TASK OBJECTIVE> Determine how many lines below contain the word "Every", then write that number by itself.

....................

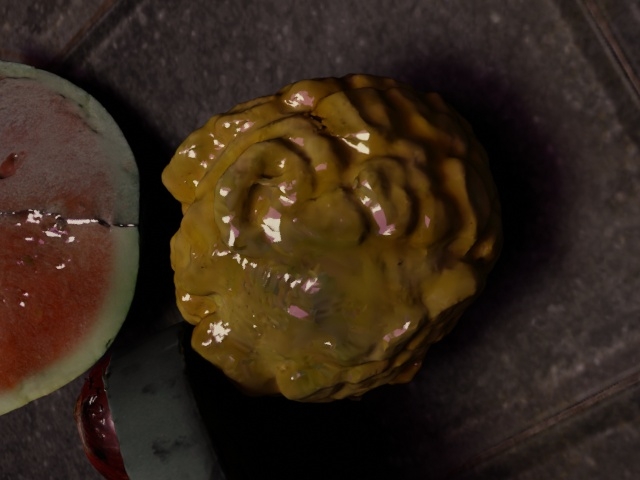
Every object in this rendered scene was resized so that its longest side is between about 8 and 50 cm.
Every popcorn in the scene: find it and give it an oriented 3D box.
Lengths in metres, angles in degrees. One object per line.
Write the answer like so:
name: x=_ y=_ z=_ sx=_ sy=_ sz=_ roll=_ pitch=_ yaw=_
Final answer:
popcorn: x=0.000 y=0.000 z=0.957 sx=0.250 sy=0.190 sz=0.250 roll=2 pitch=112 yaw=4

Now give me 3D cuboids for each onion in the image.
onion: x=-0.148 y=0.150 z=1.175 sx=0.131 sy=0.131 sz=0.131 roll=10 pitch=106 yaw=38

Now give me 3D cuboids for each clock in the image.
clock: x=-0.052 y=0.200 z=1.005 sx=0.061 sy=0.312 sz=0.312 roll=-29 pitch=79 yaw=4

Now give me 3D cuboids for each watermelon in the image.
watermelon: x=-0.247 y=0.002 z=1.201 sx=0.256 sy=0.176 sz=0.260 roll=34 pitch=138 yaw=47

....................

WORKED SOLUTION> 2